Two witnesses were introduced on behalf of the opponent, but both of them were compelled to admit on cross-examination that Eufrasia and Emilio Rabalo always lived with Ambrosio Rabalo and his wife, and were treated by Ambrosio as though they were his own children.
Such conclusive proof of long continued status as recognized children was, under the laws in existence prior to the promulgation of the Civil Code, a sufficient recognition to give the children the status of recognized natural children, and this together with the proof of the marriage of their parents leaves no doubt as to the soundness of the ruling of the court below declaring them to be entitled to the heritable rights of legitimated children of Ambrosio Rabalo, deceased.

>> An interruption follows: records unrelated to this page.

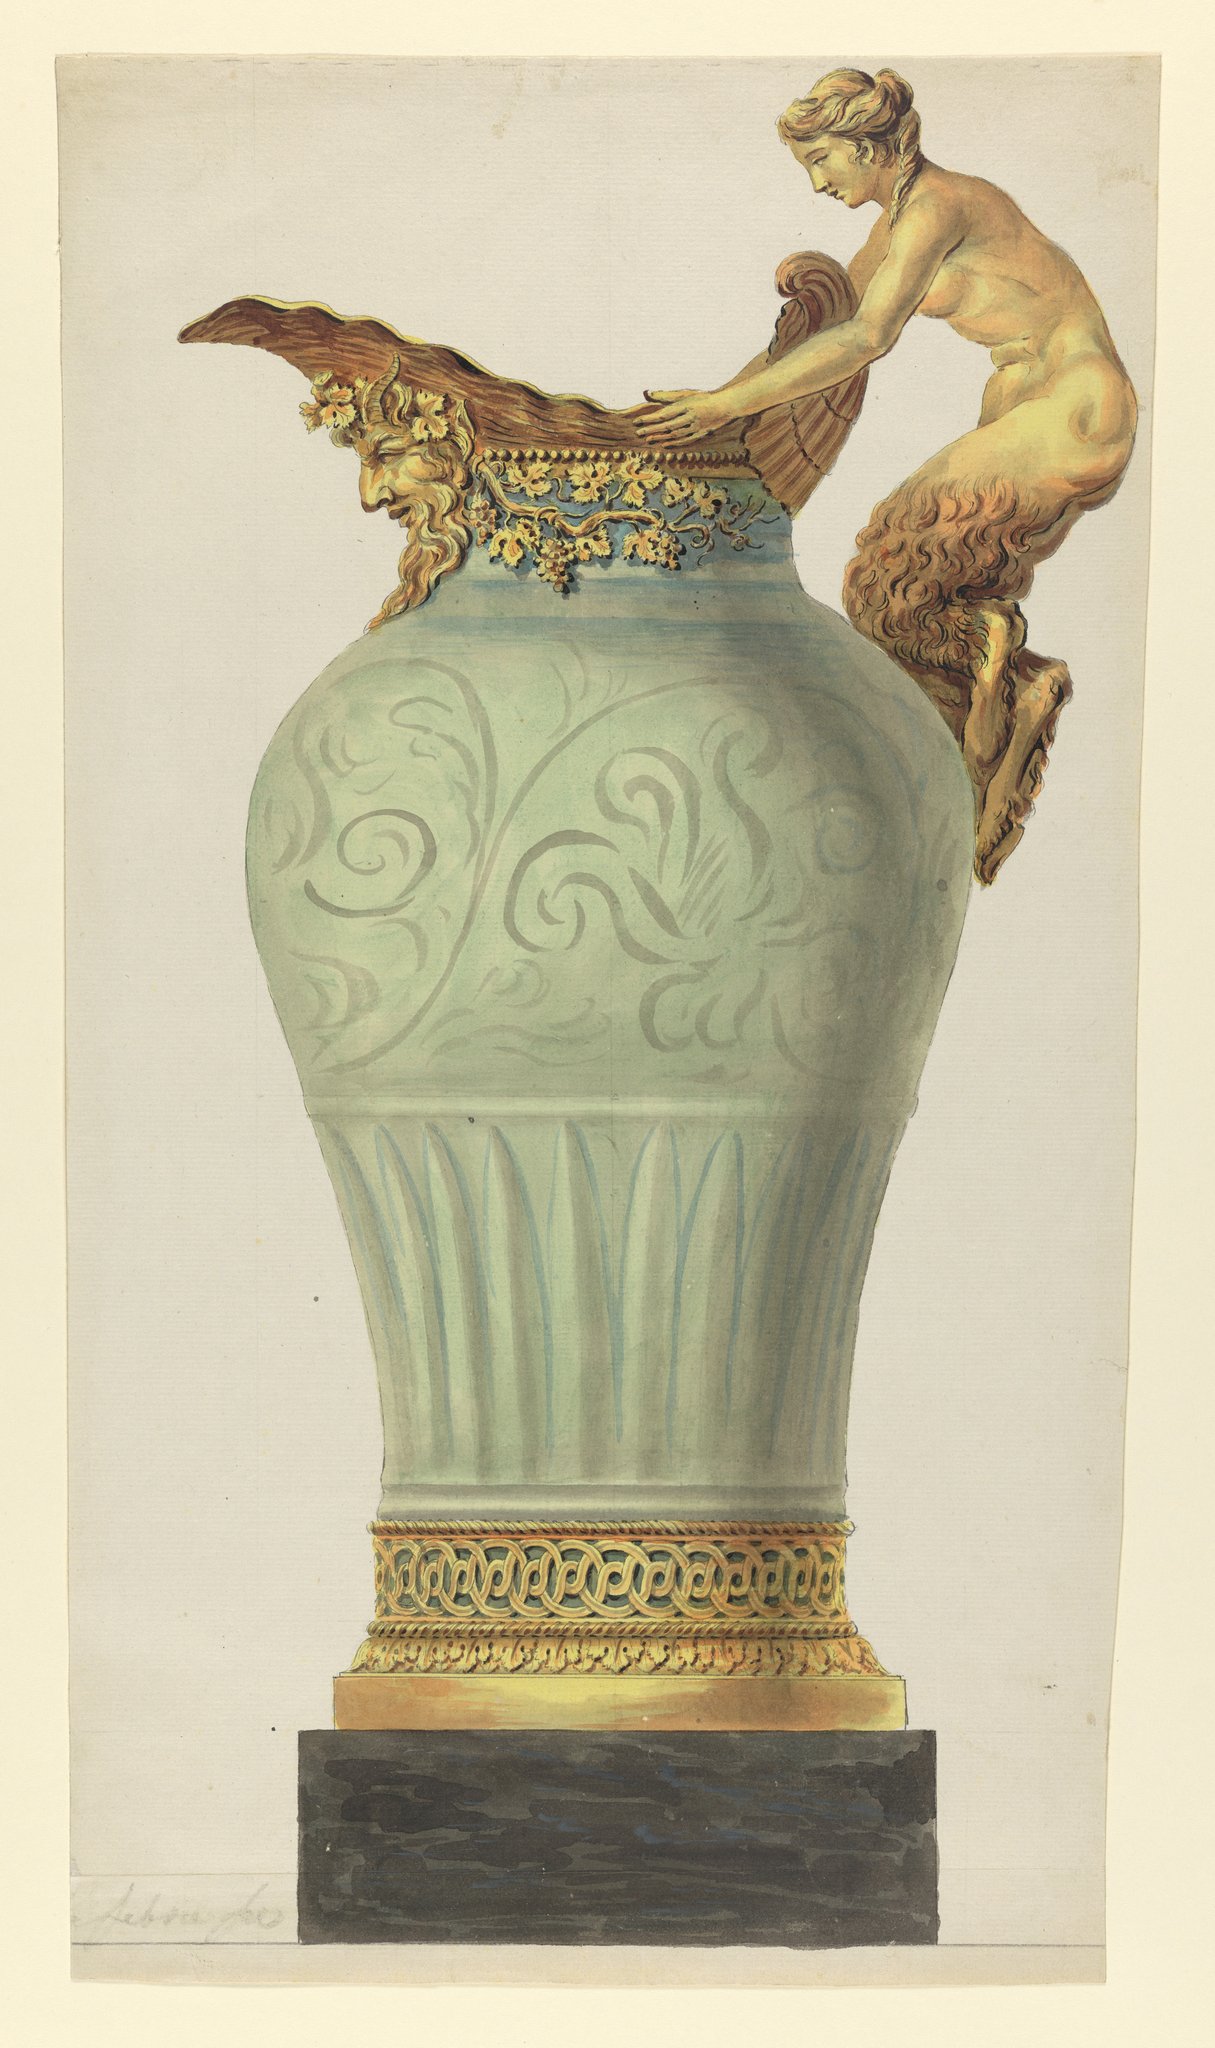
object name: drawing ornament architecture
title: Drawing of a Chinese Celadon Vase with Gilt-Bronze Mounts
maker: anonymous, french, 18th century
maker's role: artist
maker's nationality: french
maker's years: 1700-1800
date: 1782
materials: graphite, ink, watercolor
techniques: pen, drawing

It is to be observed that this is not an action brought to compel the recognition of these children. It was brought for the purpose merely of securing the distribution of the estate of their alleged father, and to that end, a declaration of their rights of inheritance as the legitimated children of the deceased, upon proof of their allegations that he had in fact recognized them as such during his lifetime.
It is not necessary to discuss or decide the questions raised as to the admissibility of the evidence offered with regard to the entries in the baptismal registries of the parish where these children were born, because, as we have indicated above, even if we wholly disregard this evidence, the decree entered in the trial court must be affirmed. So ordered.
Arellano, C.J., Torres, Johnson and Trent, JJ., concur.